Hedon was described in 1658 as the ‘chief market town’ of Holderness – the coastal region of the East Riding.
Hedon’s government was based on its royal charter of 1348, which specified a mayor, two bailiffs and various other municipal officials. New offices were subsequently created, and by 1640 the corporation included ten aldermen and a recorder. The mayor and bailiffs held regular courts, with the mayor and aldermen also serving as magistrates for the borough.
By 1640, the town’s principal electoral patron was the godly local gentleman John Alured* of the Charterhouse, near Hull. Alured’s interest at Hedon derived from his title to the manor of Burstwick, which he leased from his father’s cousin, the Catholic peer Henry Constable, 1st Viscount Dunbar [S], lord of the seigniory of Holderness. Hedon was part of the manor of Burstwick, and as leaseholder, Alured was able to exercise considerable influence within the borough. He may also have owned a farm on the town’s outskirts.
In the elections to the Long Parliament that autumn, the borough returned Alured again, this time paired with the godly East Riding knight Sir William Strickland of Boynton, near Bridlington. Again, the election indenture has not survived. Although Strickland owned property in the Hull area, it is likely that he, too, owed his election to Alured.
After Alured’s death in 1650, his interest at Hedon was taken over by his younger brother, the army officer Colonel Matthew Alured*, who, by the mid-1650s, had established control over Viscount Dunbar’s sequestered estates.

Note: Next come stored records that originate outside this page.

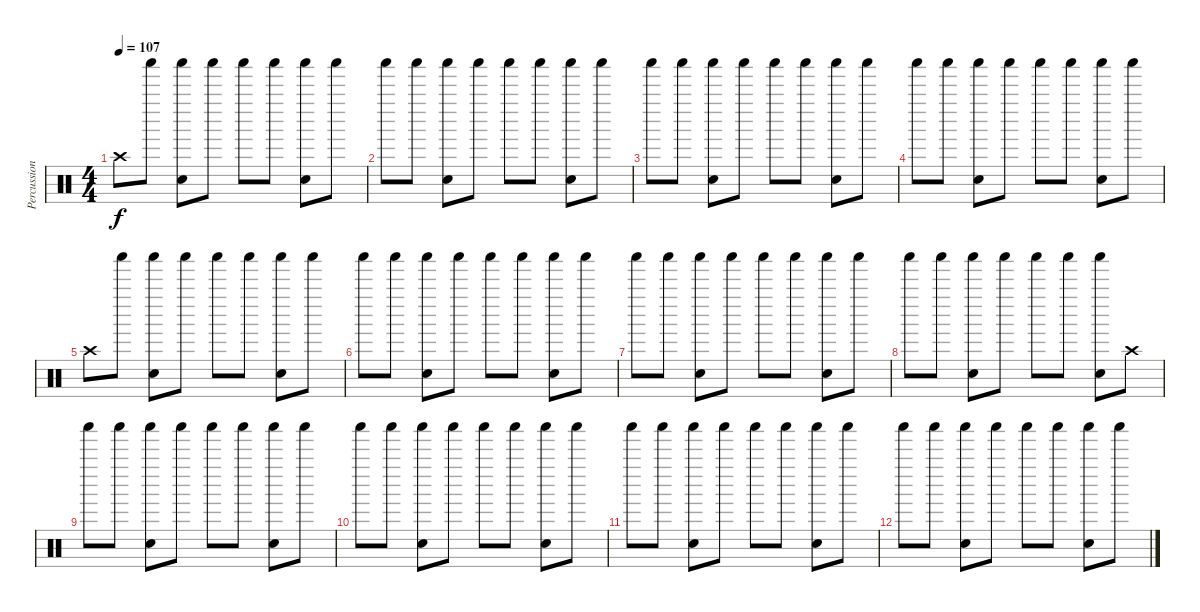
\track ("Percussion" "Percussion") {instrument percussion}
\staff {score}
\articulation defaults
\ts (4 4)
\tempo 107
\clef neutral
\ks c "Crash high (hit)".8{dy f} "Shaker (hit)".8
("Shaker (hit)" "Snare (hit) 2").8 "Shaker (hit)".8 "Shaker (hit)".8 "Shaker (hit)".8 ("Shaker (hit)" "Snare (hit) 2").8 "Shaker (hit)".8 |
"Shaker (hit)".8 "Shaker (hit)".8 ("Shaker (hit)" "Snare (hit) 2").8 "Shaker (hit)".8 "Shaker (hit)".8 "Shaker (hit)".8 ("Shaker (hit)" "Snare (hit) 2").8 "Shaker (hit)".8 |
"Shaker (hit)".8 "Shaker (hit)".8 ("Shaker (hit)" "Snare (hit) 2").8 "Shaker (hit)".8 "Shaker (hit)".8 "Shaker (hit)".8 ("Shaker (hit)" "Snare (hit) 2").8 "Shaker (hit)".8 |
"Shaker (hit)".8 "Shaker (hit)".8 ("Shaker (hit)" "Snare (hit) 2").8 "Shaker (hit)".8 "Shaker (hit)".8 "Shaker (hit)".8 ("Shaker (hit)" "Snare (hit) 2").8 "Shaker (hit)".8 |
"Crash high (hit)".8 "Shaker (hit)".8 ("Shaker (hit)" "Snare (hit) 2").8 "Shaker (hit)".8 "Shaker (hit)".8 "Shaker (hit)".8 ("Shaker (hit)" "Snare (hit) 2").8 "Shaker (hit)".8 |
"Shaker (hit)".8 "Shaker (hit)".8 ("Shaker (hit)" "Snare (hit) 2").8 "Shaker (hit)".8 "Shaker (hit)".8 "Shaker (hit)".8 ("Shaker (hit)" "Snare (hit) 2").8 "Shaker (hit)".8 |
"Shaker (hit)".8 "Shaker (hit)".8 ("Shaker (hit)" "Snare (hit) 2").8 "Shaker (hit)".8 "Shaker (hit)".8 "Shaker (hit)".8 ("Shaker (hit)" "Snare (hit) 2").8 "Shaker (hit)".8 |
"Shaker (hit)".8 "Shaker (hit)".8 ("Shaker (hit)" "Snare (hit) 2").8 "Shaker (hit)".8 "Shaker (hit)".8 "Shaker (hit)".8 ("Shaker (hit)" "Snare (hit) 2").8 "Crash high (hit)".8 |
"Shaker (hit)".8 "Shaker (hit)".8 ("Shaker (hit)" "Snare (hit) 2").8 "Shaker (hit)".8 "Shaker (hit)".8 "Shaker (hit)".8 ("Shaker (hit)" "Snare (hit) 2").8 "Shaker (hit)".8 |
"Shaker (hit)".8 "Shaker (hit)".8 ("Shaker (hit)" "Snare (hit) 2").8 "Shaker (hit)".8 "Shaker (hit)".8 "Shaker (hit)".8 ("Shaker (hit)" "Snare (hit) 2").8 "Shaker (hit)".8 |
"Shaker (hit)".8 "Shaker (hit)".8 ("Shaker (hit)" "Snare (hit) 2").8 "Shaker (hit)".8 "Shaker (hit)".8 "Shaker (hit)".8 ("Shaker (hit)" "Snare (hit) 2").8 "Shaker (hit)".8 |
"Shaker (hit)".8 "Shaker (hit)".8 ("Shaker (hit)" "Snare (hit) 2").8 "Shaker (hit)".8 "Shaker (hit)".8 "Shaker (hit)".8 ("Shaker (hit)" "Snare (hit) 2").8 "Shaker (hit)".8
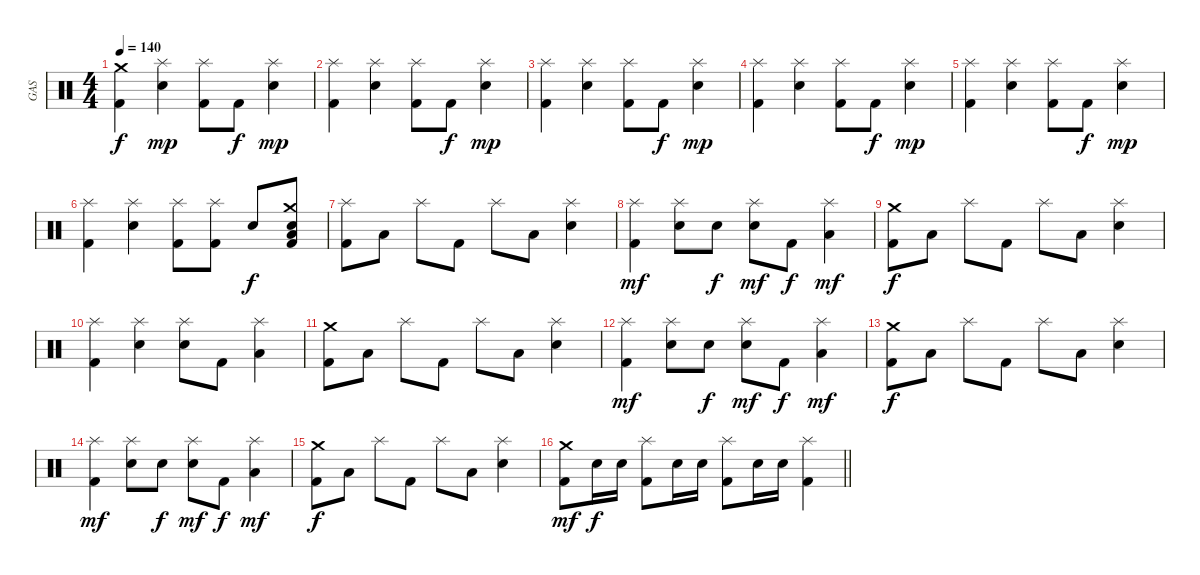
\track ("GAS" "GAS") {instrument percussion}
\staff {score}
\articulation defaults
\ts (4 4)
\tempo 140
\clef neutral
\ks c
("Kick (hit) 2" "Crash medium (hit)").4{dy f} ("Electric Snare (hit)" "Splash (hit)").4{dy mp} ("Kick (hit) 2" "Splash (hit)").8 "Kick (hit) 2".8{dy f} ("Electric Snare (hit)" "Splash (hit)").4{dy mp} |
("Kick (hit) 2" "Splash (hit)").4 ("Electric Snare (hit)" "Splash (hit)").4 ("Kick (hit) 2" "Splash (hit)").8 "Kick (hit) 2".8{dy f} ("Electric Snare (hit)" "Splash (hit)").4{dy mp} |
("Kick (hit) 2" "Splash (hit)").4 ("Electric Snare (hit)" "Splash (hit)").4 ("Kick (hit) 2" "Splash (hit)").8 "Kick (hit) 2".8{dy f} ("Electric Snare (hit)" "Splash (hit)").4{dy mp} |
("Kick (hit) 2" "Splash (hit)").4 ("Electric Snare (hit)" "Splash (hit)").4 ("Kick (hit) 2" "Splash (hit)").8 "Kick (hit) 2".8{dy f} ("Electric Snare (hit)" "Splash (hit)").4{dy mp} |
("Kick (hit) 2" "Splash (hit)").4 ("Electric Snare (hit)" "Splash (hit)").4 ("Kick (hit) 2" "Splash (hit)").8 "Kick (hit) 2".8{dy f} ("Electric Snare (hit)" "Splash (hit)").4{dy mp} |
("Kick (hit) 2" "Splash (hit)").4 ("Electric Snare (hit)" "Splash (hit)").4 ("Kick (hit) 2" "Splash (hit)").8 ("Kick (hit) 2" "Splash (hit)").8 "Electric Snare (hit)".8{dy f} ("Kick (hit) 2" "Electric Snare (hit)" "Low Tom (hit)" "Crash medium (hit)").8 |
("Kick (hit) 2" "Splash (hit)").8 "Low Tom (hit)".8 "Splash (hit)".8 "Kick (hit) 2".8 "Splash (hit)".8 "Low Tom (hit)".8 ("Electric Snare (hit)" "Splash (hit)").4 |
("Kick (hit) 2" "Splash (hit)").4{dy mf} ("Electric Snare (hit)" "Splash (hit)").8 "Electric Snare (hit)".8{dy f} ("Electric Snare (hit)" "Splash (hit)").8{dy mf} "Kick (hit) 2".8{dy f} ("Low Tom (hit)" "Splash (hit)").4{dy mf} |
("Kick (hit) 2" "Crash medium (hit)").8{dy f} "Low Tom (hit)".8 "Splash (hit)".8 "Kick (hit) 2".8 "Splash (hit)".8 "Low Tom (hit)".8 ("Electric Snare (hit)" "Splash (hit)").4 |
("Kick (hit) 2" "Splash (hit)").4 ("Electric Snare (hit)" "Splash (hit)").4 ("Electric Snare (hit)" "Splash (hit)").8 "Kick (hit) 2".8 ("Low Tom (hit)" "Splash (hit)").4 |
("Kick (hit) 2" "Crash medium (hit)").8 "Low Tom (hit)".8 "Splash (hit)".8 "Kick (hit) 2".8 "Splash (hit)".8 "Low Tom (hit)".8 ("Electric Snare (hit)" "Splash (hit)").4 |
("Kick (hit) 2" "Splash (hit)").4{dy mf} ("Electric Snare (hit)" "Splash (hit)").8 "Electric Snare (hit)".8{dy f} ("Electric Snare (hit)" "Splash (hit)").8{dy mf} "Kick (hit) 2".8{dy f} ("Low Tom (hit)" "Splash (hit)").4{dy mf} |
("Kick (hit) 2" "Crash medium (hit)").8{dy f} "Low Tom (hit)".8 "Splash (hit)".8 "Kick (hit) 2".8 "Splash (hit)".8 "Low Tom (hit)".8 ("Electric Snare (hit)" "Splash (hit)").4 |
("Kick (hit) 2" "Splash (hit)").4{dy mf} ("Electric Snare (hit)" "Splash (hit)").8 "Electric Snare (hit)".8{dy f} ("Electric Snare (hit)" "Splash (hit)").8{dy mf} "Kick (hit) 2".8{dy f} ("Low Tom (hit)" "Splash (hit)").4{dy mf} |
("Kick (hit) 2" "Crash medium (hit)").8{dy f} "Low Tom (hit)".8 "Splash (hit)".8 "Kick (hit) 2".8 "Splash (hit)".8 "Low Tom (hit)".8 ("Electric Snare (hit)" "Splash (hit)").4 |
\barLineRight lightlight
("Kick (hit) 2" "Crash medium (hit)").8{dy mf} "Electric Snare (hit)".16{dy f} "Electric Snare (hit)".16 ("Kick (hit) 2" "Splash (hit)").8 "Electric Snare (hit)".16 "Electric Snare (hit)".16 ("Kick (hit) 2" "Splash (hit)").8 "Electric Snare (hit)".16 "Electric Snare (hit)".16 ("Kick (hit) 2" "Splash (hit)").4
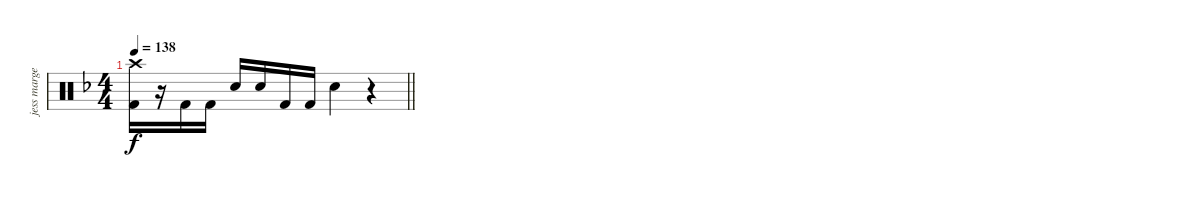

Disenfranchised under the Instrument of Government, Hedon regained its seats in the elections to Richard Cromwell’s* Parliament of 1659. On 13 January, the mayor and senior office-holders ordered that Colonel Matthew Alured and Thomas Strickland, the twenty-year old son of Sir William Strickland, be ‘admitted to the fellowship of the burgesses’ (only freemen, it seems, being eligible to serve the borough in Parliament) and then elected them as the town’s MPs.
At the Restoration, Alured lost most of his estate and with it his electoral interest at Hedon, and in the elections to the 1660 Convention and Cavalier Parliaments the town returned Sir Hugh Bethell, now a moderate royalist, and other supporters of the new regime.